- _PROBLEM TO WORK ON_: Everything from the first line of the material below through the line containing "4. string lights box [0,0,4,4]" is to be printed exactly, and nothing more.

***** MATERIAL FOR THE TASK

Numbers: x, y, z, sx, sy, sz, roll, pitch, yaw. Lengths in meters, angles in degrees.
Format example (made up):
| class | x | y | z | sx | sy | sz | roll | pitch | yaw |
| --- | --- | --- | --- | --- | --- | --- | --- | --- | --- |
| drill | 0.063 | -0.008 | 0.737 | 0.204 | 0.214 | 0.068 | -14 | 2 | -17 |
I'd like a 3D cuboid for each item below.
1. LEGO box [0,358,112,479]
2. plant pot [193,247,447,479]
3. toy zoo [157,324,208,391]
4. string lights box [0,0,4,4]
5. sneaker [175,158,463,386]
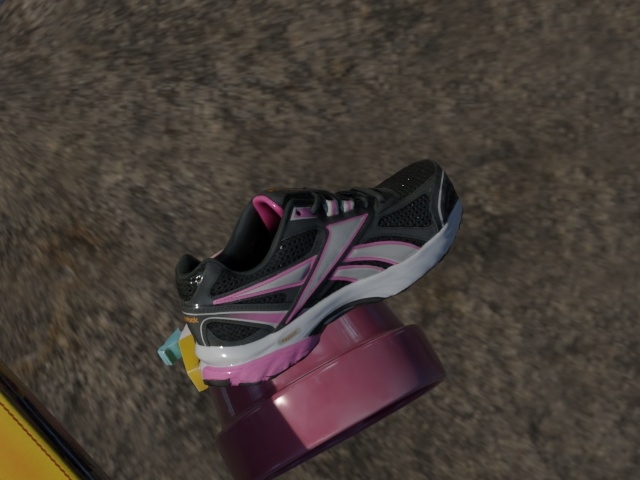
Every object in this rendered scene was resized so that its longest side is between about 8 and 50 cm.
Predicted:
| class | x | y | z | sx | sy | sz | roll | pitch | yaw |
| --- | --- | --- | --- | --- | --- | --- | --- | --- | --- |
| LEGO box | -0.355 | 0.321 | 1.088 | 0.500 | 0.193 | 0.372 | -42 | 89 | -9 |
| plant pot | -0.022 | 0.087 | 1.296 | 0.201 | 0.201 | 0.180 | -28 | 80 | -10 |
| toy zoo | -0.051 | 0.072 | 1.726 | 0.293 | 0.192 | 0.030 | -28 | 111 | 10 |
| string lights box | -0.239 | -0.209 | 0.705 | 0.077 | 0.259 | 0.133 | -26 | 67 | -1 |
| sneaker | 0.000 | 0.000 | 0.798 | 0.178 | 0.072 | 0.077 | -38 | 115 | -30 |
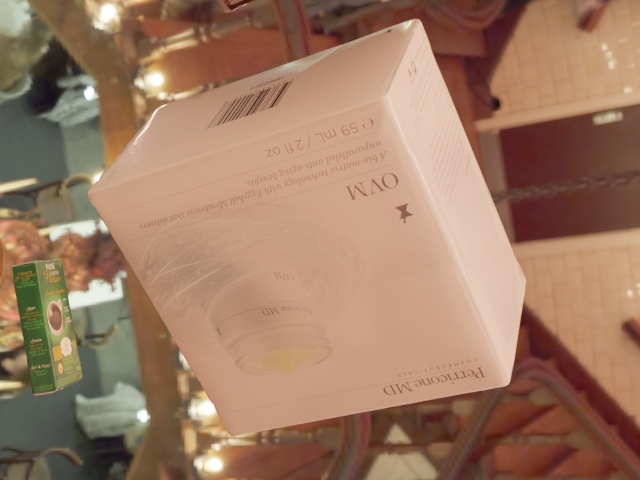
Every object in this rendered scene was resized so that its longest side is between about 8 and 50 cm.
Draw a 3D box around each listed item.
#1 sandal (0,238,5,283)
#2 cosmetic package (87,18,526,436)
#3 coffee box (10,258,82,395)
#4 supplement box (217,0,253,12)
[{"bbox_3d":[-0.372,-0.017,1.003,0.180,0.049,0.072,45,61,-22],"label":"sandal"},{"bbox_3d":[0.000,0.000,0.752,0.225,0.224,0.138,62,27,-25],"label":"cosmetic package"},{"bbox_3d":[-0.389,0.120,1.511,0.113,0.040,0.184,-19,99,-83],"label":"coffee box"},{"bbox_3d":[0.003,-0.249,0.768,0.130,0.239,0.073,-45,111,-22],"label":"supplement box"}]
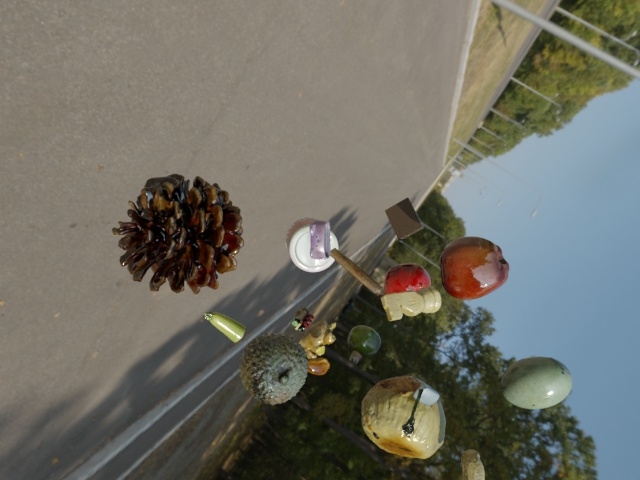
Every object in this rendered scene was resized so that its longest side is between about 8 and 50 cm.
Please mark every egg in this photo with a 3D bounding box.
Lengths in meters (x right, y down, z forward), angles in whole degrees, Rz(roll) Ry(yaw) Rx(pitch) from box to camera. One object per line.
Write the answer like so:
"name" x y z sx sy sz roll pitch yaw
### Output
"egg" 0.744 0.493 1.412 0.236 0.169 0.169 -29 -175 33

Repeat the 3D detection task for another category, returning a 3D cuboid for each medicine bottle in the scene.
"medicine bottle" -0.050 0.019 2.137 0.252 0.252 0.241 -55 -165 5

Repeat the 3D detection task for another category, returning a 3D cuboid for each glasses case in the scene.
"glasses case" 0.432 0.631 1.650 0.067 0.045 0.178 -48 135 2

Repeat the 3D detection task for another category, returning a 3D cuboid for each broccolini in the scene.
"broccolini" 0.323 0.587 1.393 0.044 0.042 0.218 -47 173 30

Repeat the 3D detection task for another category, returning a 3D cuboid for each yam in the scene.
"yam" 0.142 0.123 1.613 0.046 0.264 0.046 -46 165 -17

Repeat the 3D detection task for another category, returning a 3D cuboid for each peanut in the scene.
"peanut" 0.583 0.925 1.567 0.098 0.090 0.214 -9 -120 43

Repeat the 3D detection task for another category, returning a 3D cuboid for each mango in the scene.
"mango" -0.019 0.563 1.826 0.063 0.127 0.077 -29 -129 58

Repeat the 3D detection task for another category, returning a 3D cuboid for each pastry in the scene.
"pastry" 0.381 0.792 1.859 0.312 0.388 0.388 -61 176 -38

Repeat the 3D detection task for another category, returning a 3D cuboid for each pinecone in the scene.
"pinecone" -0.457 -0.011 1.289 0.398 0.398 0.398 -52 170 -13

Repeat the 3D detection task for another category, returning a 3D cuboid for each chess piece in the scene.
"chess piece" 0.286 0.202 1.310 0.200 0.090 0.090 -4 142 -28

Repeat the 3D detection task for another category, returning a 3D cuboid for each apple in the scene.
"apple" 0.534 0.092 1.436 0.234 0.234 0.234 -52 170 -13

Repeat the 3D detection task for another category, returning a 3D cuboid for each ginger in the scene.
"ginger" -0.007 0.482 2.045 0.216 0.157 0.102 -41 135 1

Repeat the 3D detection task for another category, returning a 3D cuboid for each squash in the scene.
"squash" -0.467 0.402 1.946 0.094 0.224 0.094 -38 -152 25

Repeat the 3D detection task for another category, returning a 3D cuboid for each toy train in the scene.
"toy train" -0.085 0.368 1.885 0.050 0.087 0.138 -56 176 26

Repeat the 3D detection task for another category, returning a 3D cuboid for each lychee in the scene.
"lychee" -0.176 0.465 1.497 0.255 0.255 0.274 -50 -155 -21

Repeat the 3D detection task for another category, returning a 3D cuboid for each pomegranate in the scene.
"pomegranate" 0.217 0.554 2.143 0.209 0.180 0.180 -55 172 -28
"pomegranate" 0.381 0.203 1.787 0.210 0.210 0.235 -51 158 -15

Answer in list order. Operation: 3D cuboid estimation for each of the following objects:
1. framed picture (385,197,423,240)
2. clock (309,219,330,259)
"framed picture" 0.390 -0.100 1.898 0.128 0.168 0.023 -30 153 20
"clock" 0.000 0.000 1.538 0.110 0.050 0.152 -15 105 -71
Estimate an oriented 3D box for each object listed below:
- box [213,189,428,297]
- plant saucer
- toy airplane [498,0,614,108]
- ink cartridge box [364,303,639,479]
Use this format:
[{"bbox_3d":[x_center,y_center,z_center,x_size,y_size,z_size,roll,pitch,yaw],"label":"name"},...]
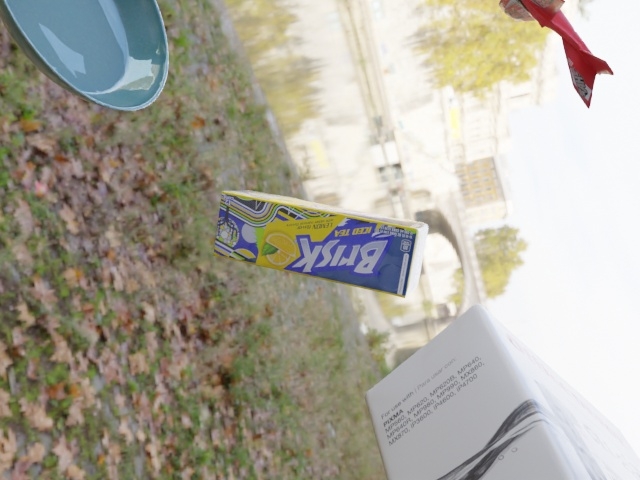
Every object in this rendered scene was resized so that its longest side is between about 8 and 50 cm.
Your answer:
[{"bbox_3d":[0.000,0.000,0.633,0.054,0.168,0.059,-18,118,-72],"label":"box"},{"bbox_3d":[-0.123,-0.118,0.379,0.119,0.021,0.119,42,38,-45],"label":"plant saucer"},{"bbox_3d":[0.187,-0.175,0.609,0.151,0.028,0.151,54,8,-11],"label":"toy airplane"},{"bbox_3d":[0.151,0.195,0.457,0.197,0.114,0.273,40,16,-26],"label":"ink cartridge box"}]

**********

- _RESPONSE TO THE EXERCISE_:
Numbers: x, y, z, sx, sy, sz, roll, pitch, yaw. Lengths in meters, angles in degrees.
Format example (made up):
| class | x | y | z | sx | sy | sz | roll | pitch | yaw |
| --- | --- | --- | --- | --- | --- | --- | --- | --- | --- |
| drill | 0.063 | -0.008 | 0.737 | 0.204 | 0.214 | 0.068 | -14 | 2 | -17 |
I'd like a 3D cuboid for each item below.
1. LEGO box [0,358,112,479]
2. plant pot [193,247,447,479]
3. toy zoo [157,324,208,391]
4. string lights box [0,0,4,4]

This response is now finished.